BISMARCK, N.D. – The results of the most recent survey conducted by the State of North Dakota’s Human Resource Management Services (HRMS) Division show strong employee opposition to proposed changes, as the North Dakota Legislature’s Interim Retirement Committee prepares to take a vote on the future of the North Dakota Public Employees Retirement System (NDPERS) defined-benefit retirement plan.
In a 2022 Total Rewards Survey, state workers were given a series of statements about the compensation and benefits they receive as employees and asked to rank how much they agreed with each statement on a scale of 1 to 5.
• Out of 3,858 responses to the statement “I prefer to have a Defined Benefit (DB) Retirement Plan rather than a Defined Contribution (DC) Retirement Plan,” 42 percent rated it as 5, or Strongly Agree.
• Of the 3,840 who ranked how much they agreed with the statement “I prefer to have a defined contribution (DC) retirement plan rather than a defined benefit (DB) retirement plan,” the rate of 5 – Strongly Agree responses plummets to only 3 percent.

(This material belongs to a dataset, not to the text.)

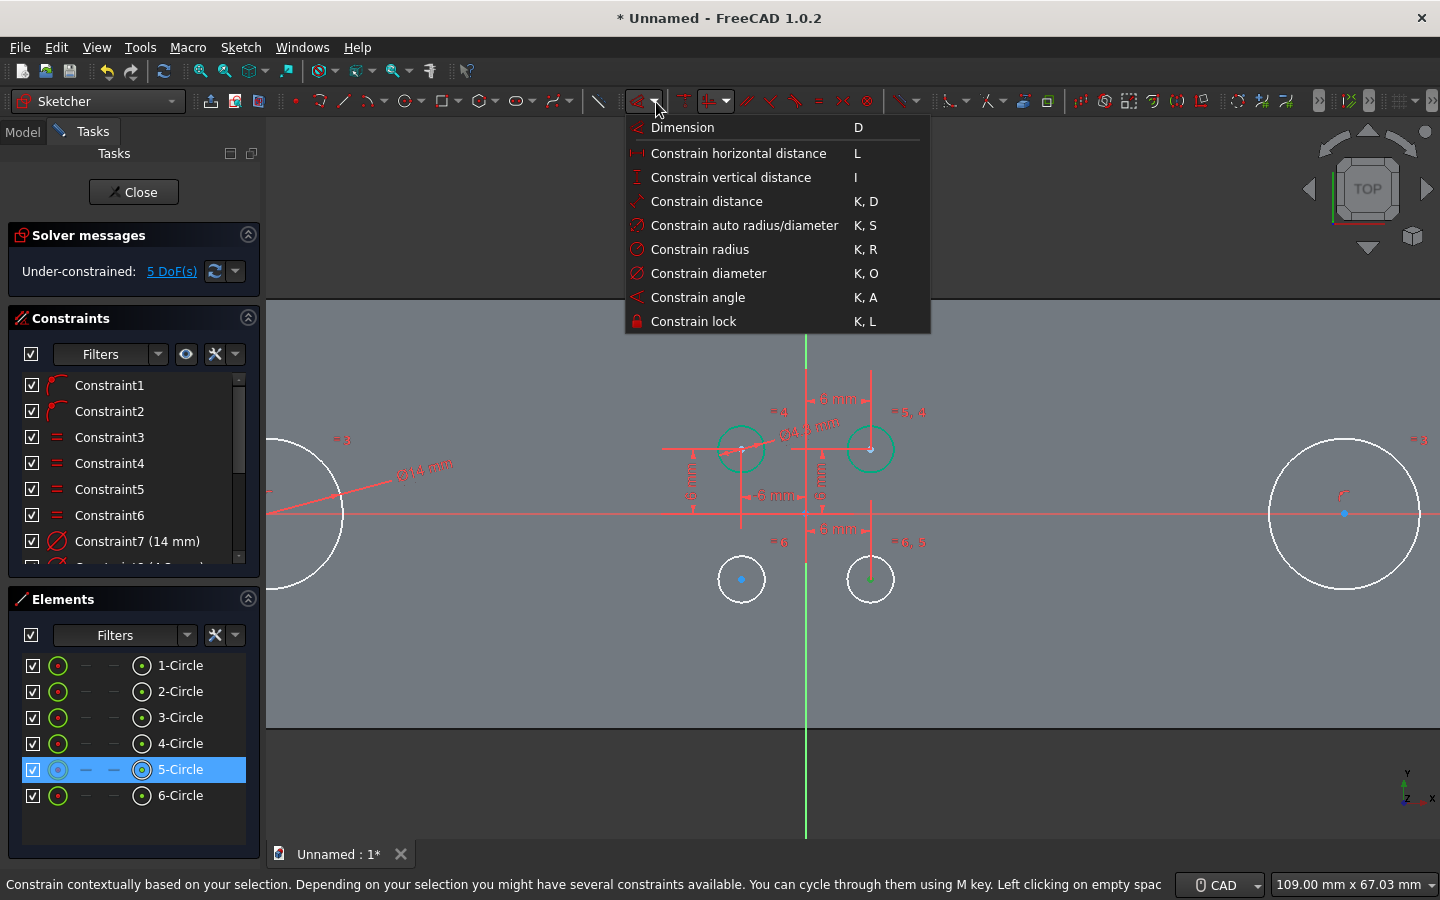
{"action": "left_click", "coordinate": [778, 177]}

“Millennials like me have faced a historically unstable job market, so I value the security my pension provides. To attract and keep good public employees, legislators should improve our benefits, not chip away at them,” said Dana Henry, a compliance officer with the Office of the State Tax Commissioner.
“For many years, the defined-benefit retirement plan managed by NDPERS has served to provide a modest and dependable retirement for those North Dakotans who have worked tirelessly to provide the vital public services that North Dakotans expect and deserve,” said North Dakota United President Nick Archuleta. “Public employees have historically been paid 8 to 12 percent less than their similarly trained and experienced counterparts in the private sector. The PERS defined-benefit retirement plan serves as a tool to recruit and retain highly qualified and talented public employees. States that have closed their DB retirement plans, like West Virginia and Alaska, are either planning to reopen those plans or have already done so. North Dakota should head the lessons learned in those states and put the DB plan on a course to be fully funded; something it could have done in each of the last six legislative sessions. The longer we wait, the more expensive doing so becomes.”